Department of Medical Oncology, Hacettepe University Cancer Institute, Ankara, Turkey.
Department of Internal Medicine, Hacettepe University Faculty of Medicine, Ankara, Turkey.
Turk J Gastroenterol. 2021 Dec;32(12):1049-1056. doi: 10.5152/tjg.2021.20899.
Thrombospondin type 1 domain-containing 7A (THSD7A) has emerged as a new potential molecular tool for multiple tumors since that THSD7A was detected to be expressed in various malignant tumor types including colorectal cancer (CRC). Thus, we investigated the correlation between THSD7A expression and pathologic determinants of azoxymethane (AOM)-induced CRC in a rat model.
A total of 30 rats were included in the study (experimental group; n = 15, control group; n = 15). Azoxymethane was administered to the experimental group weekly as subcutaneous injections at a dose of 15 mg/kg bodyweight for 3 weeks. Five months later, 42 tumors were obtained in the study group and histopathologic evaluation of CRC tumors for THSD7A was performed by immunohistochemical staining. Thrombospondin type 1 domain-containing 7A expression was classified according to staining levels.

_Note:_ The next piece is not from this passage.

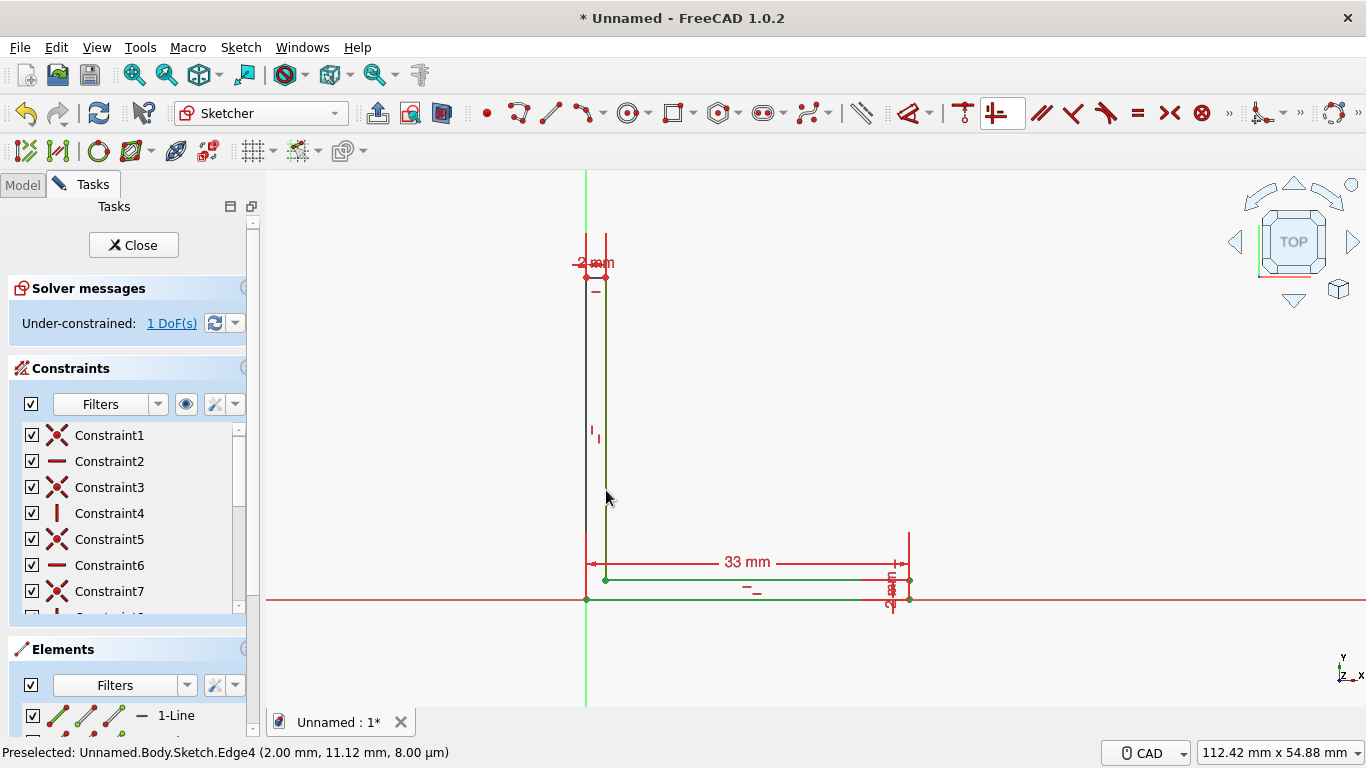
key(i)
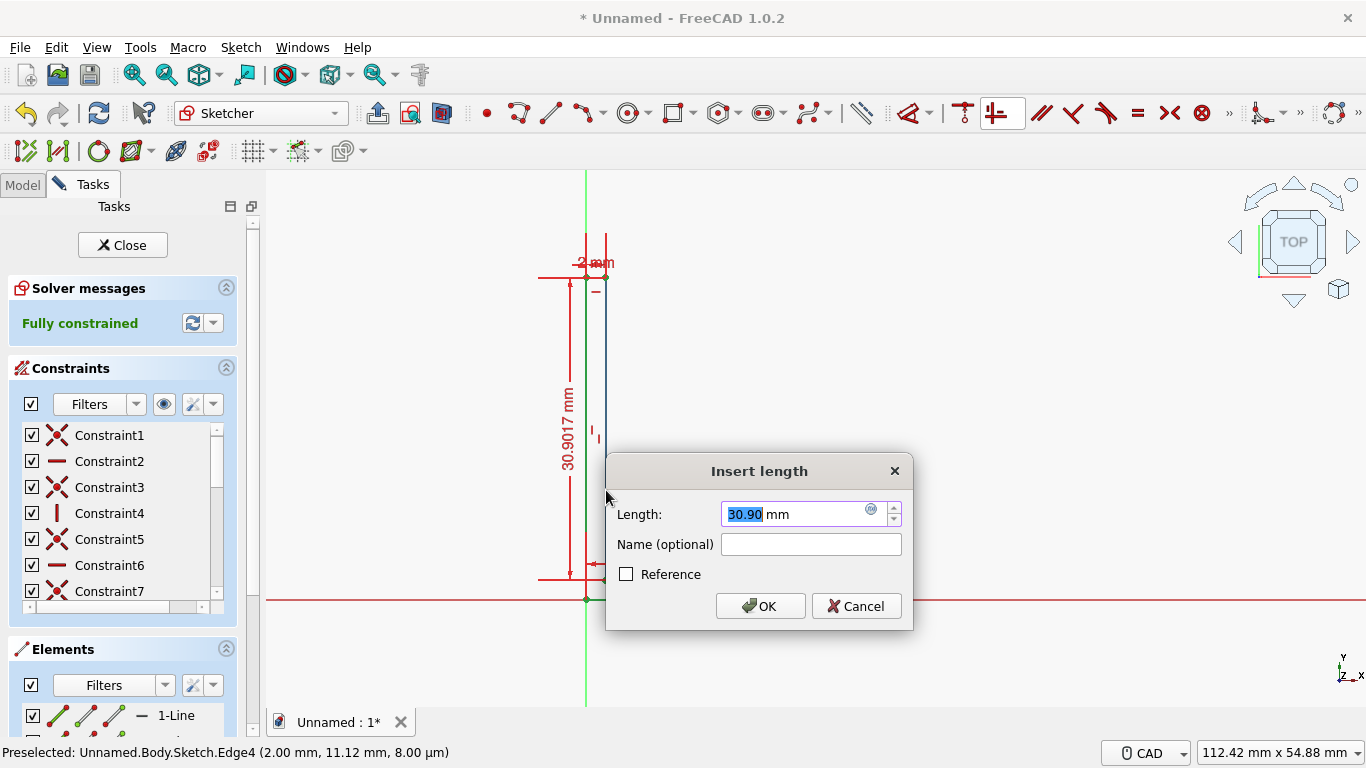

While 28.6% of the colonic tumors were stained as negative, mild-moderate and strong staining was determined in 61.9% and 9.5% of the tumors, respectively. Thrombospondin type 1 domain-containing 7A expression levels inversely correlated with Ki-67 expression (P < .001) and tumor grade (P =.02). Receiver operating characteristic analysis showed Ki-67 staining ≥20.5% was determined as a cut-off value for negatively stained THSD7A tumors with 91% sensitivity and 69% specificity (P = .001, area under curve: 0.822). Moreover, higher Ki-67 expression was found to be associated with higher tumor grade (P < .001), presence of lymphatic invasion (P = .003), and higher T stage (P = .003).
Negative staining for THSD7A seems to be linked to invasive pathologic determinants in AOM-induced CRC in rats.
血栓反应蛋白 1 型结构域包含 7A(THSD7A)已成为多种肿瘤的新的潜在分子工具,因为在包括结直肠癌(CRC)在内的各种恶性肿瘤类型中检测到 THSD7A 表达。因此,我们研究了 THSD7A 表达与 AOM 诱导的大鼠 CRC 的病理决定因素之间的相关性。
共有 30 只大鼠纳入研究(实验组,n = 15,对照组,n = 15)。实验组每周给予 AOM 皮下注射,剂量为 15mg/kg 体重,连续 3 周。5 个月后,实验组获得 42 个肿瘤,对 CRC 肿瘤进行 THSD7A 的免疫组织化学染色进行组织病理学评估。根据染色水平对 THSD7A 表达进行分类。
28.6%的结肠肿瘤染色为阴性,61.9%和 9.5%的肿瘤分别为轻度中度和强染色。THSD7A 表达水平与 Ki-67 表达呈负相关(P <.001),与肿瘤分级呈负相关(P =.02)。ROC 分析显示 Ki-67 染色≥20.5%为 THSD7A 阴性肿瘤的截断值,具有 91%的敏感性和 69%的特异性(P =.001,曲线下面积:0.822)。此外,较高的 Ki-67 表达与较高的肿瘤分级(P <.001)、存在淋巴浸润(P =.003)和较高的 T 分期(P =.003)相关。
THSD7A 的阴性染色似乎与 AOM 诱导的大鼠 CRC 中的侵袭性病理决定因素有关。